Reviewed by Mike Rooke

THIS BOOK collects together the correspondence that Raya Dunayevskaya conducted with other Marxists, groups of workers, students and left wing intellectuals, mostly on the American scene, in the period 1553-1986. The letters and articles chart the work in progress of the development of Dunayevskaya’s distinctive brand of Marxism (which in 1957 she described as a "Marxist Humanism"), and which took shape in her two best known works, Marxism and Freedom (1958) and Philosophy and Revolution (1973).

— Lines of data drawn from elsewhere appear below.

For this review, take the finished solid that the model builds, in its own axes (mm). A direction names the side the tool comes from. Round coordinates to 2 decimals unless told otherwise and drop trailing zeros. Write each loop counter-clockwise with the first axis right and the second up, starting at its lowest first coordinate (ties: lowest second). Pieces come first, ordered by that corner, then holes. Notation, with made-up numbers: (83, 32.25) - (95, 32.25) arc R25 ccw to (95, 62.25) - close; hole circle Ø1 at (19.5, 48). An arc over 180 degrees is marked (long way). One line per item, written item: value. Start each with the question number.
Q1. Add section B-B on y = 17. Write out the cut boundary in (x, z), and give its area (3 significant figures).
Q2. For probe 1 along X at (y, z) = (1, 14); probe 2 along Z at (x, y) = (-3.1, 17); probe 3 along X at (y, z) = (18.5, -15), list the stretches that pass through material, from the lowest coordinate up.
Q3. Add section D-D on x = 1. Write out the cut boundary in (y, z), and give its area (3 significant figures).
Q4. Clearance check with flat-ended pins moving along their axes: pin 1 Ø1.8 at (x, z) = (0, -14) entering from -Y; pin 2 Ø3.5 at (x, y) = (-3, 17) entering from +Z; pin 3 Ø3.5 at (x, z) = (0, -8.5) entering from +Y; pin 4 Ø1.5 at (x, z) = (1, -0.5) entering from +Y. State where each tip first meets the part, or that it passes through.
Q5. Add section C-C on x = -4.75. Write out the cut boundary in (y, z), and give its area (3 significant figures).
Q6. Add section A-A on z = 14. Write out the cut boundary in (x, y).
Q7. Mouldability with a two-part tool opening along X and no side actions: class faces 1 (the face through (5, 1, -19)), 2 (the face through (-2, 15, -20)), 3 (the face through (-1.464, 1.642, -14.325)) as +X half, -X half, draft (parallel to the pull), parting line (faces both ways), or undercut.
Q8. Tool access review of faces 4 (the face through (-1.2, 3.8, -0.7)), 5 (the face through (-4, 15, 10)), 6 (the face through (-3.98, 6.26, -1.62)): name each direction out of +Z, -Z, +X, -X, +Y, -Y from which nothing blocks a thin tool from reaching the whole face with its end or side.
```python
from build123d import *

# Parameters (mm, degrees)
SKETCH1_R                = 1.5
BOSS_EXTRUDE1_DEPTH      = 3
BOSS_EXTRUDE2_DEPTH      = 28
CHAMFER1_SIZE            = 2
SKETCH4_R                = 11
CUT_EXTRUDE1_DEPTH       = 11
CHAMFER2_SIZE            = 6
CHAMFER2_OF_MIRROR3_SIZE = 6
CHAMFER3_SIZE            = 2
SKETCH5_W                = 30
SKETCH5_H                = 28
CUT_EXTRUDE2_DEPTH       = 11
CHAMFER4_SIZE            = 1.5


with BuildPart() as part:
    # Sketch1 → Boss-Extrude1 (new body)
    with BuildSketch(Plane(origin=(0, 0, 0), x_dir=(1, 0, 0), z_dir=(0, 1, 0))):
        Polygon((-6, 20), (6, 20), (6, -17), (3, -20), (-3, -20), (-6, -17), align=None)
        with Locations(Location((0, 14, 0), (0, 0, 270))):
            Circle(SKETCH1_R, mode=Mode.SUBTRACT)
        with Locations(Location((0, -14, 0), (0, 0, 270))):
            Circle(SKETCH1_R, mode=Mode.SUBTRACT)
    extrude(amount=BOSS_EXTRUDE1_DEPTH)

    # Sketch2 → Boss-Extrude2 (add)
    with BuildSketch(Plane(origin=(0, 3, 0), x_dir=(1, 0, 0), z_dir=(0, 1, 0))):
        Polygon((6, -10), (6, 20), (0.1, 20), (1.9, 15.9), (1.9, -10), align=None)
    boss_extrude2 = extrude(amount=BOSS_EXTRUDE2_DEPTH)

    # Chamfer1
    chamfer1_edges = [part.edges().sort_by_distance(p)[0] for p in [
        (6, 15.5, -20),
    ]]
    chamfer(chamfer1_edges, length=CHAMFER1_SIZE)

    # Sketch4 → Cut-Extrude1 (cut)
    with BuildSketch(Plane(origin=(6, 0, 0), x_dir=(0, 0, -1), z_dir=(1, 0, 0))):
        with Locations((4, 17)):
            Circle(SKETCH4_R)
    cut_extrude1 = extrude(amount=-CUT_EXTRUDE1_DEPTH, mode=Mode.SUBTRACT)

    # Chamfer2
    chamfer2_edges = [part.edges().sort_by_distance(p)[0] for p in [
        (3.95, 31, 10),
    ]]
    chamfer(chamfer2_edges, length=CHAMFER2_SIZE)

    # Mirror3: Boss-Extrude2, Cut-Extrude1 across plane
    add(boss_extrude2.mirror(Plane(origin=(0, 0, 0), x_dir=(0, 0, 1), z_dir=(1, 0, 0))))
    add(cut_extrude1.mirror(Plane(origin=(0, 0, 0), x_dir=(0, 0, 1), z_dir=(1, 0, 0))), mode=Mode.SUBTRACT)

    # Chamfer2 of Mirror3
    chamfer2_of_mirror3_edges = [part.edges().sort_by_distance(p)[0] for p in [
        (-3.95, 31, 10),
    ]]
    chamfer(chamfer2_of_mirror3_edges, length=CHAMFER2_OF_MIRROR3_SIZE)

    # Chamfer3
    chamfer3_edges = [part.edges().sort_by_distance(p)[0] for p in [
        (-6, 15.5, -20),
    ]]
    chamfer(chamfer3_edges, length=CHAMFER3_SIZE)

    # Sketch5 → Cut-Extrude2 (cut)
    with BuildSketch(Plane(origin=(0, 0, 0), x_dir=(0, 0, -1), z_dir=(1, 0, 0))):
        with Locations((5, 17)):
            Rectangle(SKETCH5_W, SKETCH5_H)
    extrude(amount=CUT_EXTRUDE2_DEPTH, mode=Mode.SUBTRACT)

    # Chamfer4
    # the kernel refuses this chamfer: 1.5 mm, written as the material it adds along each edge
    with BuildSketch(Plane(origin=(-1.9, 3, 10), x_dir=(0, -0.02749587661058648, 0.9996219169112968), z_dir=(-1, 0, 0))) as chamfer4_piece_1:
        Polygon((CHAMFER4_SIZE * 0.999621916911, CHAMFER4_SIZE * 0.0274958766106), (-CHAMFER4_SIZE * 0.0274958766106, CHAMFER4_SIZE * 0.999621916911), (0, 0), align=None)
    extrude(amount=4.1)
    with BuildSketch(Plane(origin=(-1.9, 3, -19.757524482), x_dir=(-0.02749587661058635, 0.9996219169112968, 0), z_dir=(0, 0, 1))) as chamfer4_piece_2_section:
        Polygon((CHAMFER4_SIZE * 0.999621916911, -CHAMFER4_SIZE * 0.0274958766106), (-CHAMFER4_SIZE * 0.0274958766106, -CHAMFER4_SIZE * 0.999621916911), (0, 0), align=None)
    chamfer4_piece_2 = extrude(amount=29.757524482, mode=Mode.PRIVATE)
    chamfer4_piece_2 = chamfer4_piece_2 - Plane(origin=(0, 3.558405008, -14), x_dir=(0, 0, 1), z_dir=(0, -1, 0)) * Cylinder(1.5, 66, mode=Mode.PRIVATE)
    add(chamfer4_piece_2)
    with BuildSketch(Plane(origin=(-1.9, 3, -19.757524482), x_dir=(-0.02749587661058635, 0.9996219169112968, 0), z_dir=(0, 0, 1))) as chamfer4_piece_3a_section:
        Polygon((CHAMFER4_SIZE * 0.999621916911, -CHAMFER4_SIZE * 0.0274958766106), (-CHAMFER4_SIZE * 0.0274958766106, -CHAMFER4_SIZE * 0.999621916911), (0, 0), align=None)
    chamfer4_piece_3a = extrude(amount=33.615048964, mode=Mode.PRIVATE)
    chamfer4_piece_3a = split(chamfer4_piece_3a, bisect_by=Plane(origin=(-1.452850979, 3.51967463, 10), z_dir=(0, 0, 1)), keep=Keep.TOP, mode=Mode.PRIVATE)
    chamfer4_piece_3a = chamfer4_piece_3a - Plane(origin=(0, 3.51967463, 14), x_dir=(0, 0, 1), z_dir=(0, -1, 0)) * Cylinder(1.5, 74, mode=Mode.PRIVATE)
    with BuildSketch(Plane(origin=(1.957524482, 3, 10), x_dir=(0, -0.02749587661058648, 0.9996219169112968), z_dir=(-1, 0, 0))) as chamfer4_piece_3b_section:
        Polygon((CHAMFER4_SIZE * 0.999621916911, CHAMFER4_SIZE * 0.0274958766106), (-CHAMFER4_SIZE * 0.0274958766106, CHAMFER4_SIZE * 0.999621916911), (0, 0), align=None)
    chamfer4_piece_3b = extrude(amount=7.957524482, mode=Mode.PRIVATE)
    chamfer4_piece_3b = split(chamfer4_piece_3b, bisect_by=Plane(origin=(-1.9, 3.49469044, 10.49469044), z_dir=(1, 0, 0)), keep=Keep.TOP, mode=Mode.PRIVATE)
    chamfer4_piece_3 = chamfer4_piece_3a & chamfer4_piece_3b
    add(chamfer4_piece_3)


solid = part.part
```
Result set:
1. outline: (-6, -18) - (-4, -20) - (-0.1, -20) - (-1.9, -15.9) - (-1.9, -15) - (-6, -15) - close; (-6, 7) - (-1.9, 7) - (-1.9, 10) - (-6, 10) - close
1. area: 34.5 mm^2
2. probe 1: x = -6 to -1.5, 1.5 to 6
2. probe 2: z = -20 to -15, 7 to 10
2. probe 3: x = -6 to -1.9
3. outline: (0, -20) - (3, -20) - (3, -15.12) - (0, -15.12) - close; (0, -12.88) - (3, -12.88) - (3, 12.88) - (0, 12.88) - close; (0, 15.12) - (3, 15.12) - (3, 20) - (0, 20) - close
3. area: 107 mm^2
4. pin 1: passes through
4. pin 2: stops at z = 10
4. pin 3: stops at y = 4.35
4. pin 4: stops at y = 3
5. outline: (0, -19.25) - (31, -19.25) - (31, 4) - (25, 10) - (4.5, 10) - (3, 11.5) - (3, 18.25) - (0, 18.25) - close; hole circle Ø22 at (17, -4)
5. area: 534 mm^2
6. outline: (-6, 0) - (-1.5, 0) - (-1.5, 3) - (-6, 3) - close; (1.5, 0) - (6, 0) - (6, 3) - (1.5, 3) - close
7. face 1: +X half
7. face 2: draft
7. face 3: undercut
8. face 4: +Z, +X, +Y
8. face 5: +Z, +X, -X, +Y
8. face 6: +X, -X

Raya Dunayevskaya was a Marxist of Ukrainian origin who moved to the USA where she became active in the revolutionary left and the workers’ movement. She served as secretary to Trotsky in the years 1937-38, but broke with him over the nature of the Soviet Union, adopting a state capitalist position. She collaborated with C.L.R. James and Grace Lee Boggs in the Committees of Correspondence from 1951 to 1955, and then led the News and Letters Committees from 1955 until 1987 (when she died).

These writings are aptly entitled The Power of Negativity, a phrase coined by Hegel to express the essence of the dialectic. They read as a record of Dunayevskaya’s continuing preoccupation with Hegel’s dialectic, specifically the "Absolute Idea". ("The Absolute Idea has me in its grip", she admits at one point [p.94].)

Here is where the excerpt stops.